If you want the full story this seems like a good breakdown.
http://www.huffingtonpost.com/radley...b_1596846.html
I am not a regular huff post reader and I am not sure what the political implications of following that site are, but whatever they are I am not endorsing Huff Post, just linking to it.
The relevant passage is:
The changes to the law resulted from a widely criticized Indiana State Supreme Court ruling, Barnes v. State, in May 2011. The situation that triggered the court case (an appeal of a criminal conviction) resulted from an 2007 incident in which police responded to a 911 call about possible domestic violence.
After Richard Barnes had a verbal altercation with police, his wife pleaded with him to let officers into their home. Barnes refused. The police entered anyway. Barnes responded by shoving an officer to prevent him from coming inside. Barnes was arrested, charged and convicted of battery on a police officer, disorderly conduct and resisting arrest. He appealed, arguing that because the officers' entry into his home was illegal, he was permitted to use force to prevent them from coming inside.
The Indiana Supreme Court could have simply ruled that as a result of the call, Barnes' state of mind and his wife's pleas provided exigent circumstances for police to enter the Barnes' home legally. Instead, the court went much further, finding that "there is no right to reasonably resist unlawful entry by police officers." The court even acknowledged that this unraveled hundreds of years of common law precedent.

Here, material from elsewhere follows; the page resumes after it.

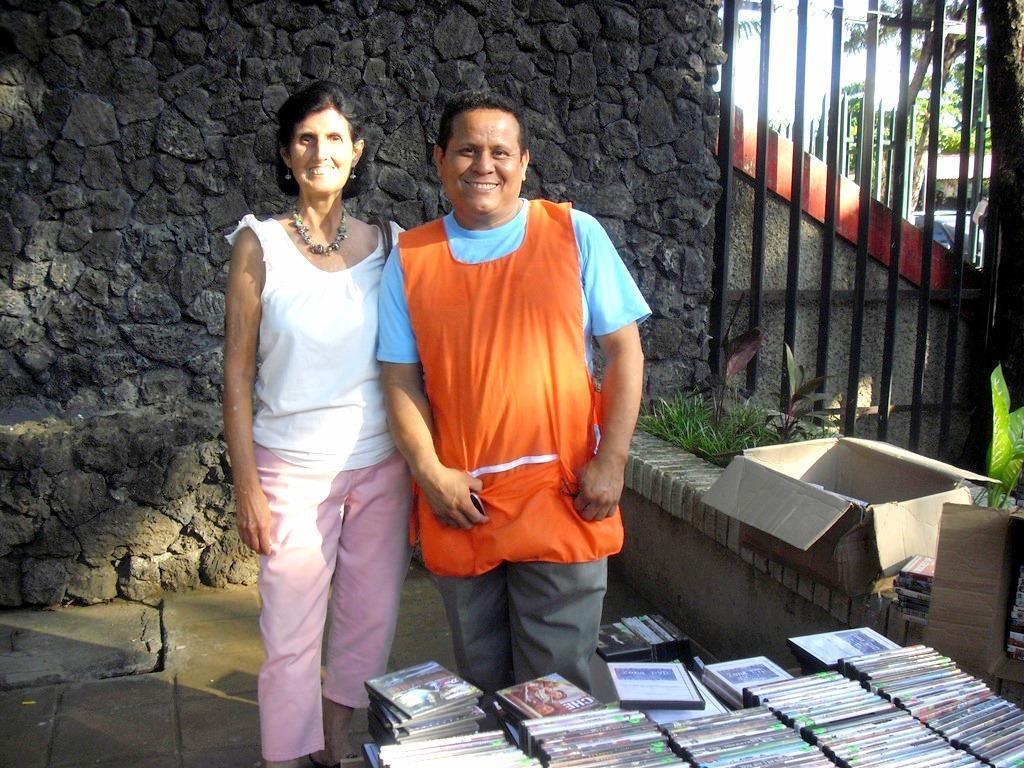How would you summarize this image in a sentence or two? In this picture we can see a man and a woman standing on the path. We can see a few books. There are some boxes on the wall. We can see a few trees are visible in the background. 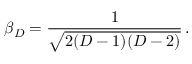Convert formula to latex. <formula><loc_0><loc_0><loc_500><loc_500>\beta _ { D } = \frac { 1 } { \sqrt { 2 ( D - 1 ) ( D - 2 ) } } \, .</formula>

The ruling effectively barred anyone accused of using force against a police officer, for any reason, from arguing self-defense or the defense of others at a trial. At the time, critics pointed out that with the ruling, a man who uses force against a police officer who is raping his wife would not be allowed to argue in court that he was defending his family. The battered spouse of a police officer who fends off her husband could in theory be arrested and, under the ruling, wouldn't be permitted to argue self-defense.
While those scenarios may seem far-fetched, a bad prosecutor sympathetic to a wayward officer could easily make them a reality, said Mark Rutherford, chairman of the Indiana Public Defender Commission. "The police organizations say those sorts of things would never happen," he said. "And you'd hope a prosecutor wouldn't bring a charge like that. But if a prosecutor did charge you, you wouldn't be allowed to try to convince a jury that you were defending yourself. And that's the problem."
The amendment this month to the 2006 Indiana statute, known as its Castle Doctrine law, corrects the problem. It does not give Hoosiers the right to shoot police officers; Indianapolis won't be the next Mogadishu.